I'd recommend doing some profiling to find the actual bottlenecks. Perhaps you have access to Visual Studio Profiler? http://msdn.microsoft.com/en-us/magazine/cc337887.aspx There are plenty of good profilers out there.
Otherwise, my first stop would be pagination to bring back less records from the db, which is easier on the connection and the memory footprint. Take a look at this (I'm assuming you're on SQL Server >= 2005)
http://www.15seconds.com/issue/070628.htm
I"m not sure from the question exactly what UI problem you are trying to solve.
If it's that the customer can't work with a table that is just one big amorphous blob, then let him sort on the fields: order date, order number, your SKU number, his SKU number maybe, and I guess others,too. He might find it handy to do a multi-column stable sort, too.

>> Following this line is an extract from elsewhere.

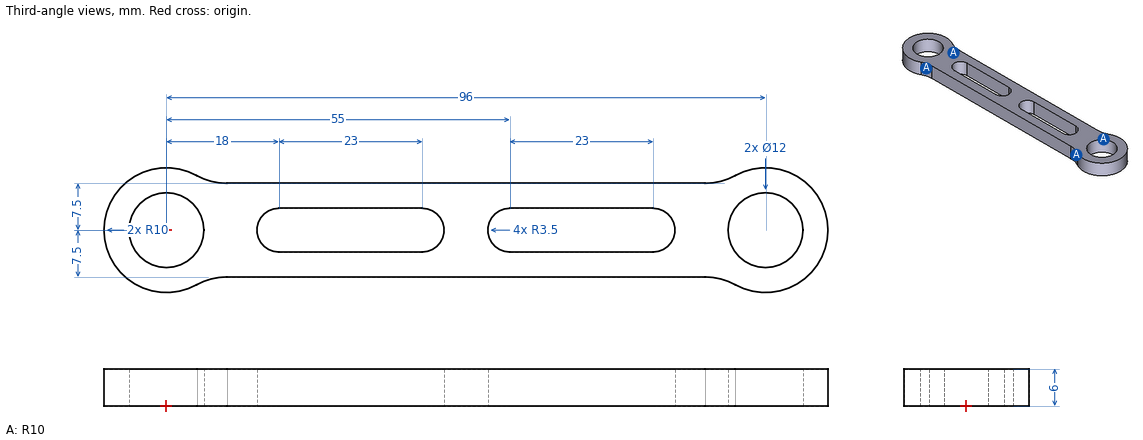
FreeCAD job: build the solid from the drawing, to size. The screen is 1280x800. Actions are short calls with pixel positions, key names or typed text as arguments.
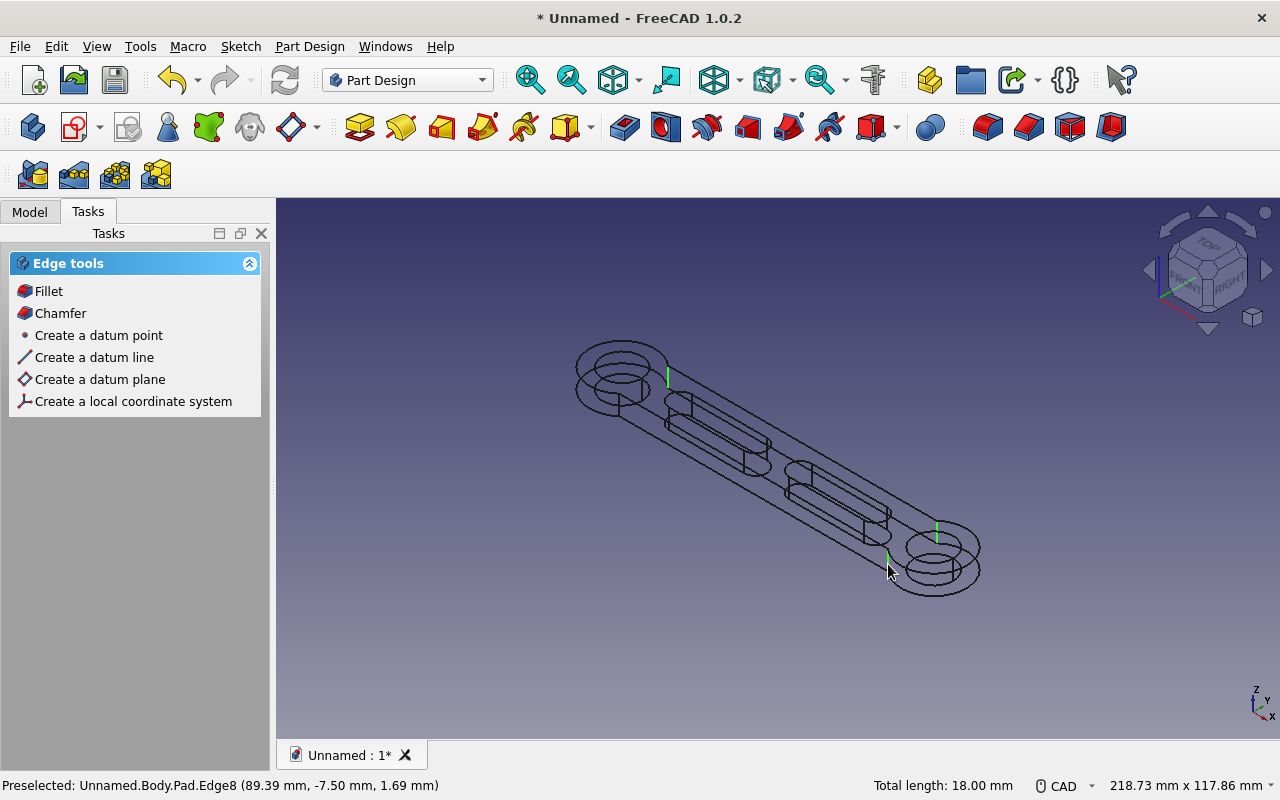
click(619, 404, ctrl)

If it's that the table headers scroll up and disappears when he scrolls down through his orders, that's more difficult. Read the SO discussion to see if the method there gives a solution you can use.
There is also a JQuery mechanism for keeping the header within the viewport.
HTH
EDIT: plus I'll second #Iain 's answer: do some profiling.
Another EDIT: #Scott Bruns 's answer reminded me that when we started designing the UI, the biggest issue by far was limiting the number of records the user had to look at. So, yes I agree with Scott that you should give the user some way to see only a limited number of records right from the start; that is, before he ever sees a table, he has told you a lot about what he wants to see.
Stupid question, but have you asked the users of your application for input on what records that they would like to see initially?